In [1]:
import os

from aita.datasource.snowflake import SnowflakeDataSource
from aita.datasource.postgresql import PostgreSqlDataSource
from aita.agent.base import AitaAgent
from aita.agent.sql import SqlAgent

In [2]:
# Ensure the OpenAI API key is set in the environment

In [3]:
# Create an simple Aita Agent with GPT-3.5-turbo model
aita_agent = AitaAgent("gpt-3.5-turbo")
aita_agent.chat("I want to get the top 5 customers which making the most purchases")

To find the top 5 customers who have made the most purchases, you would typically analyze your sales data. The process may vary depending on the format and structure of your data, but here is a general approach using SQL as an example:

Assuming you have a table named `orders` that contains information about customer orders, including the customer ID and the total amount of each purchase, you can write a SQL query to group the data by customer ID, sum the total purchase amounts for each customer, and then rank the customers based on their total purchase amounts. Here is an example query that could be used:

```sql
SELECT customer_id, SUM(total_amount) AS total_purchase_amount
FROM orders
GROUP BY customer_id
ORDER BY total_purchase_amount DESC
LIMIT 5;
```

In this query:
- `customer_id` is the customer identifier.
- `total_amount` is the total amount of each purchase.
- We are grouping the data by `customer_id` and calculating the total purchase amount for each customer using the `SUM

In [4]:
# Example of using a customized prompt template
aita_agent = AitaAgent("gpt-3.5-turbo") \
    .set_prompt_template("Data Schema: snowflake_sample_data.tpch_sf1")
aita_agent.chat("I want to get the top 5 customers which making the most purchases")

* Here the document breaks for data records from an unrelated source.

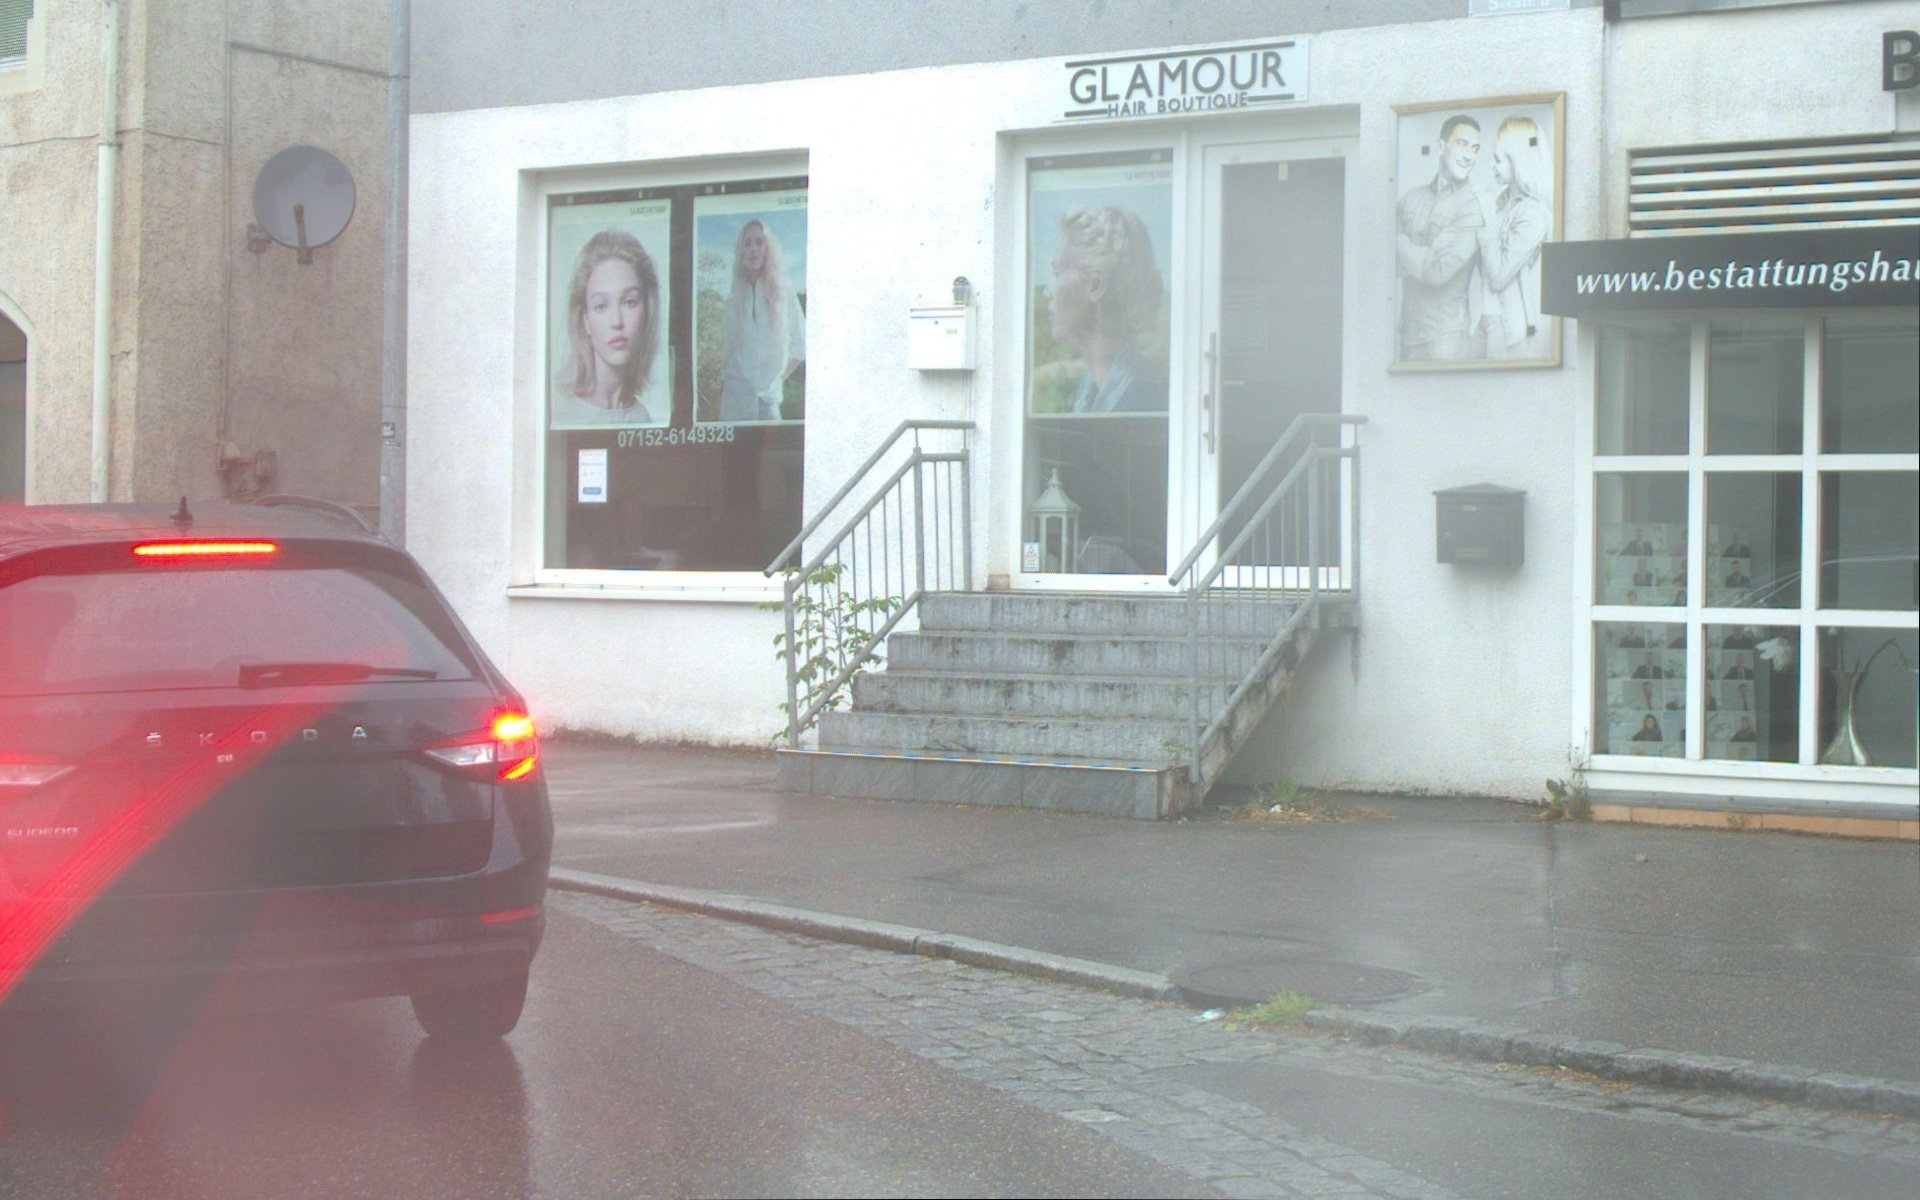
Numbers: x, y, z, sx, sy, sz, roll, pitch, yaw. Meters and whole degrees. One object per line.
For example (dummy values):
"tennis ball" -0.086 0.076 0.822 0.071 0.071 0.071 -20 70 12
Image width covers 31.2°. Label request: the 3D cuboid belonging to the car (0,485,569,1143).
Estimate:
"car" -2.573 0.421 9.984 1.732 1.445 4.243 -1 3 -23
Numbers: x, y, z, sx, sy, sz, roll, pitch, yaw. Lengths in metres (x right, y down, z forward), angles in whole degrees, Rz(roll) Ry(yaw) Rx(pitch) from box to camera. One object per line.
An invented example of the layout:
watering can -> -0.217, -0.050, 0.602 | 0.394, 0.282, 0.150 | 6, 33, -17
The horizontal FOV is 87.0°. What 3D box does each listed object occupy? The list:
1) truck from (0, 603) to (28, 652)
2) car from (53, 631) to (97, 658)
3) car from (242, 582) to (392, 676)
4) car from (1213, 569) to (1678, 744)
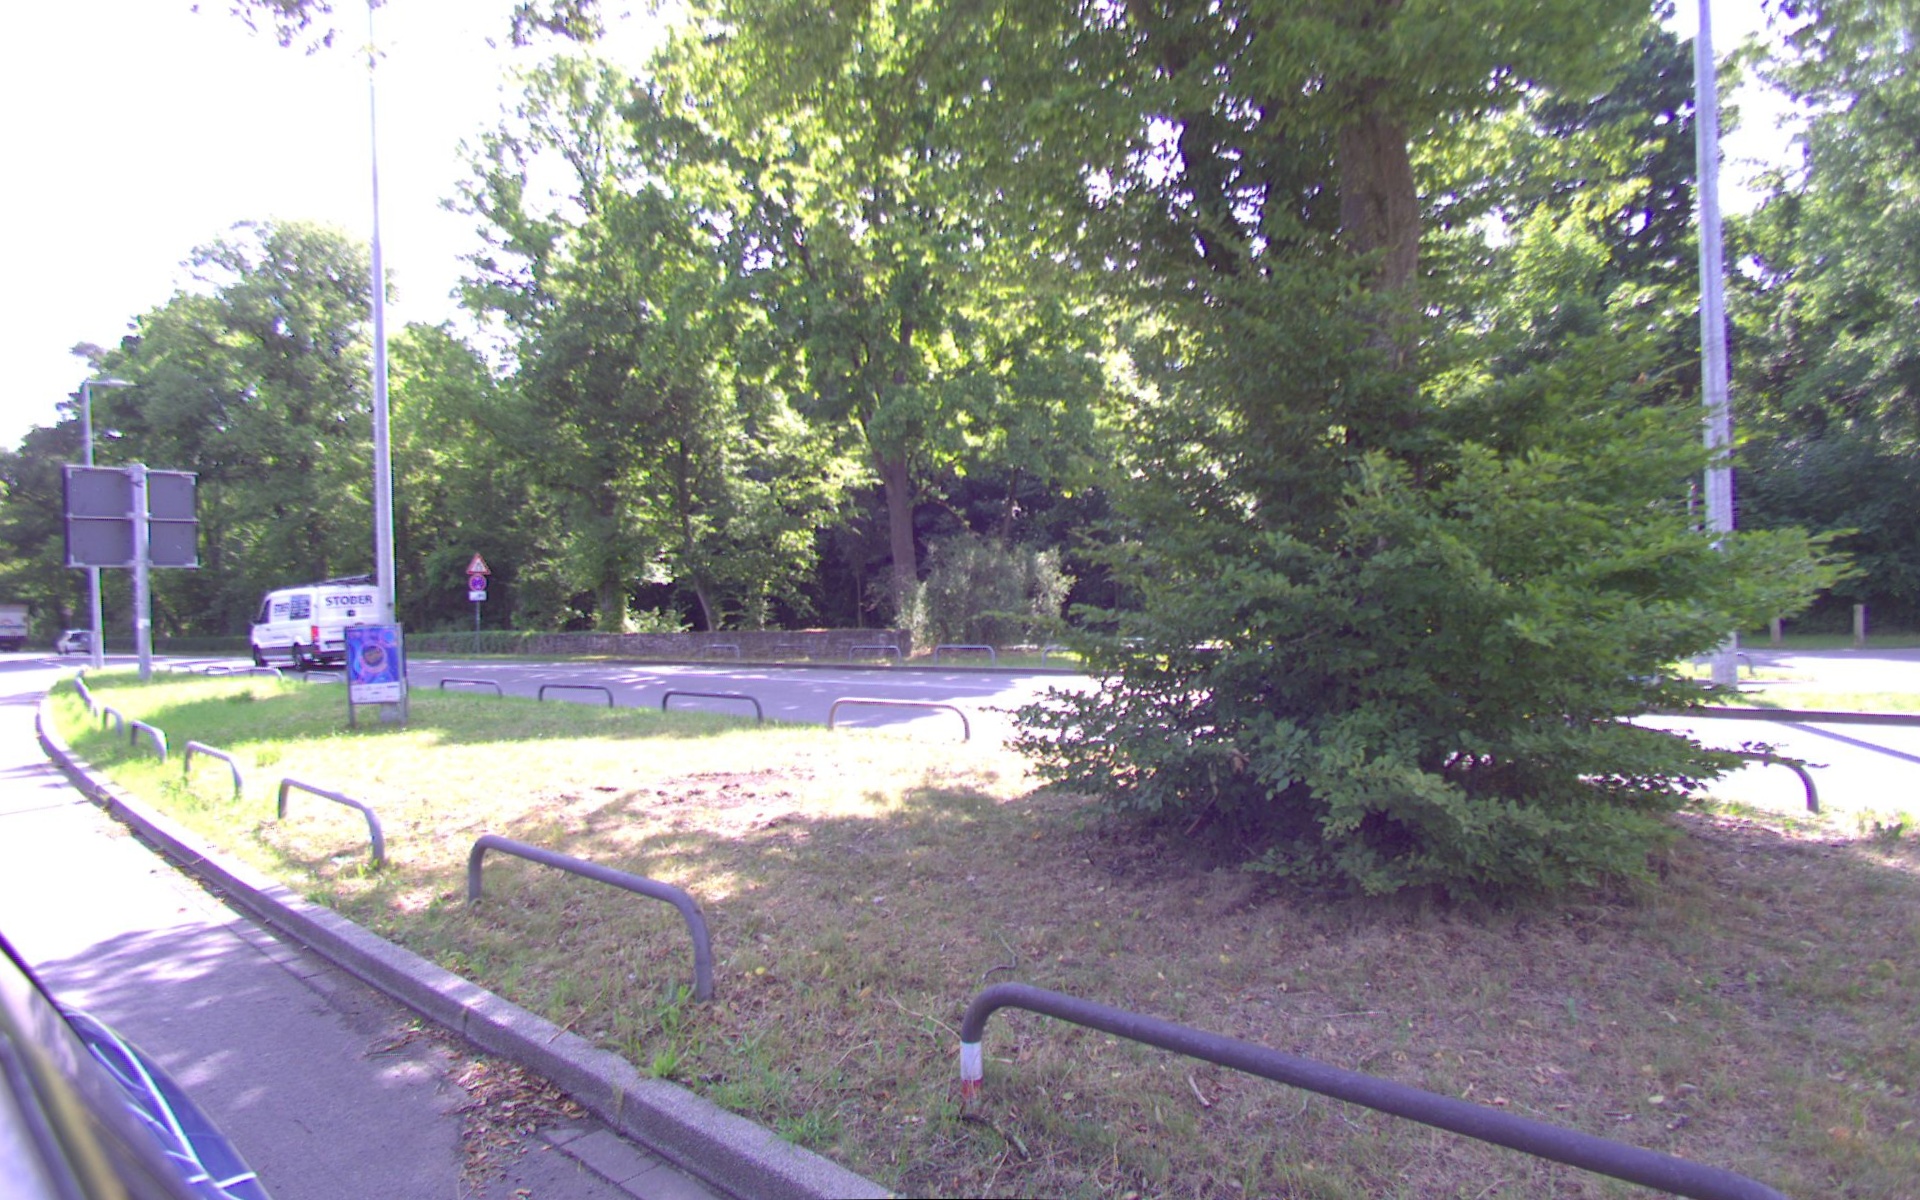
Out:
truck -> -73.942, 2.077, 77.642 | 7.002, 3.657, 2.877 | -1, 0, 41
car -> -53.964, 2.708, 61.688 | 3.872, 1.481, 1.633 | -1, 0, 43
car -> -18.759, 0.793, 29.434 | 5.356, 2.449, 1.956 | -1, 1, 38
car -> 4.915, 0.485, 10.600 | 4.067, 1.457, 1.676 | -1, 2, 43
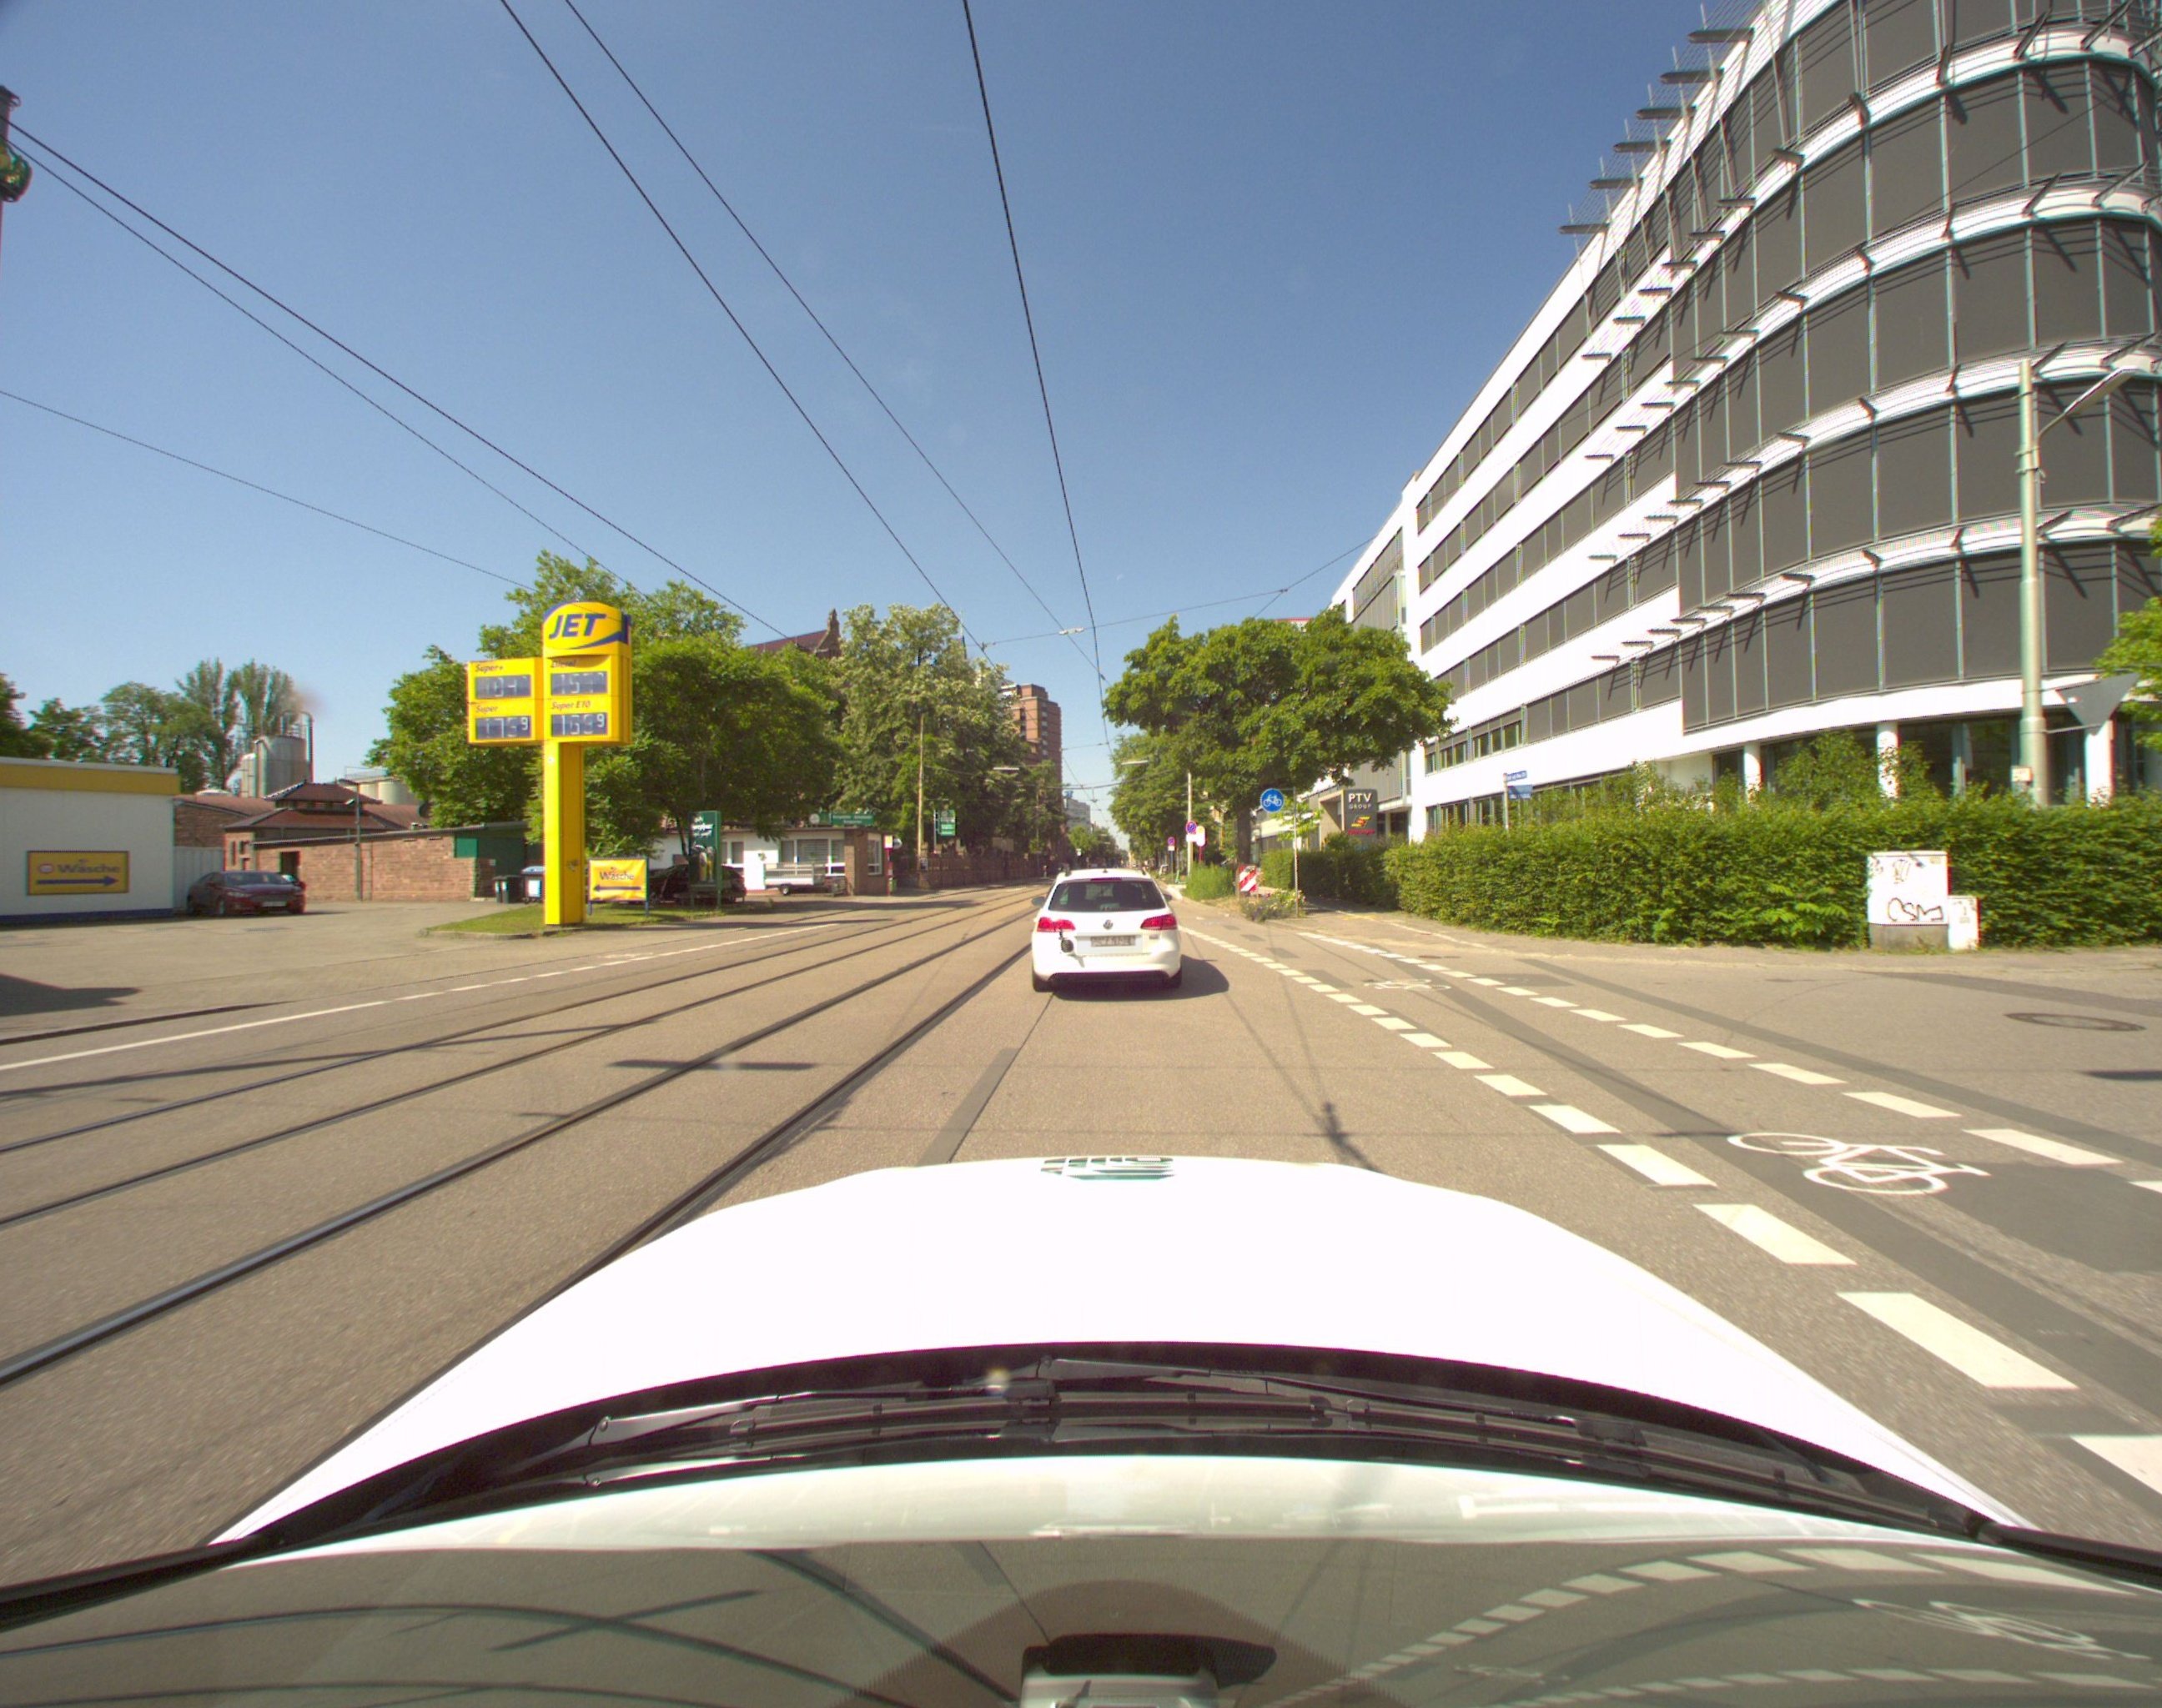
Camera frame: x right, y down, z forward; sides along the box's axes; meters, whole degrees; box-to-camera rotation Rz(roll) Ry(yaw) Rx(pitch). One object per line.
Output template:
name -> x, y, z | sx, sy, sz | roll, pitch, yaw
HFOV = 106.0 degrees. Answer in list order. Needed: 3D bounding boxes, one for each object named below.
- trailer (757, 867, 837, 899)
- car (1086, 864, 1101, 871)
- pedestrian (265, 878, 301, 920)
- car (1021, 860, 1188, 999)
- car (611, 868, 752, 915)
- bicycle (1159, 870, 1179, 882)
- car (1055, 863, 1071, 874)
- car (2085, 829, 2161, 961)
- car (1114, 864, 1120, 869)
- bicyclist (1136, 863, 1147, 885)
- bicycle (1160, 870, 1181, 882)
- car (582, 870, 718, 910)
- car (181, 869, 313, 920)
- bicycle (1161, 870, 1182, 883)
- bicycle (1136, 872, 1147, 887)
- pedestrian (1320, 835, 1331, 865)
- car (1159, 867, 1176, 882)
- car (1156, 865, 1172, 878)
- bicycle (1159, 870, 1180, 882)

To identify the top 5 customers making the most purchases, you would typically need access to a dataset that includes information about customer transactions. The dataset would include details such as customer ID, purchase amount, purchase date, etc.

Here is a general approach to finding the top 5 customers making the most purchases:

1. **Data Preparation**: Load the dataset into a data analysis tool such as Python (using libraries like Pandas) or SQL (using queries).

2. **Grouping and Aggregation**: Group the data by customer ID and aggregate the total purchase amounts for each customer.

3. **Sorting**: Sort the aggregated data in descending order of the total purchase amounts to identify the customers making the most purchases.

4. **Select Top 5 Customers**: Select the top 5 customers based on the total purchase amounts.

Here is an example code snippet in Python using Pandas to achieve this:

```python
import pandas as pd

# Load dataset into a DataFrame (assuming 'df' is the D

## SqlAgent example

In [2]:
# Set up the Snowflake and PostgreSQL data sources
SNOWFLAKE_USER = os.environ.get("SNOWFLAKE_USER")
SNOWFLAKE_PASSWORD = os.environ.get("SNOWFLAKE_PASSWORD")
SNOWFLAKE_ACCOUNT = os.environ.get("SNOWFLAKE_ACCOUNT")
SNOWFLAKE_WAREHOUSE = os.environ.get("SNOWFLAKE_WAREHOUSE")
SNOWFLAKE_DATABASE = os.environ.get("SNOWFLAKE_DATABASE")
SNOWFLAKE_SCHEMA = os.environ.get("SNOWFLAKE_SCHEMA")
SNOWFLAKE_ROLE = os.environ.get("SNOWFLAKE_ROLE")

In [3]:
sf_datasource = SnowflakeDataSource(
    user=SNOWFLAKE_USER,
    password=SNOWFLAKE_PASSWORD,
    account=SNOWFLAKE_ACCOUNT,
    warehouse=SNOWFLAKE_WAREHOUSE,
    database=SNOWFLAKE_DATABASE,
    schema=SNOWFLAKE_SCHEMA,
    role=SNOWFLAKE_ROLE,
)

In [4]:
pg_datasource = PostgreSqlDataSource(
    connection_url="postgresql://@localhost:5432/aita"
)

In [5]:
# Example of using the AitaAgent with a Snowflake data source, This means no data catalog is provided to the agent.
aita_agent = AitaAgent("gpt-3.5-turbo") \
    .set_prompt_template("Data Schema: snowflake_sample_data.tpch_sf1") \
    .add_datasource(sf_datasource)
aita_agent.chat("I want to get the top 5 customers which making the most purchases")

To get the top 5 customers who have made the most purchases from the provided Snowflake sample data schema `snowflake_sample_data.tpch_sf1`, you can use the following SQL query:

```sql
SELECT c.custkey, c.name, COUNT(o.orderkey) AS total_purchases
FROM snowflake_sample_data.tpch_sf1.customer c
JOIN snowflake_sample_data.tpch_sf1.orders o ON c.custkey = o.custkey
GROUP BY c.custkey, c.name
ORDER BY total_purchases DESC
LIMIT 5;
```

In this query:
- We are selecting the customer key `c.custkey`, customer name `c.name`, and counting the total number of orders made by each customer.
- We are joining the `customer` table with the `orders` table on the `custkey` to get the necessary information.
- We are grouping the results by customer key and name.
- We are ordering the results by the total number of purchases in descending order.
- Finally, we are limiting the output to the top 5 customers with the most purchases.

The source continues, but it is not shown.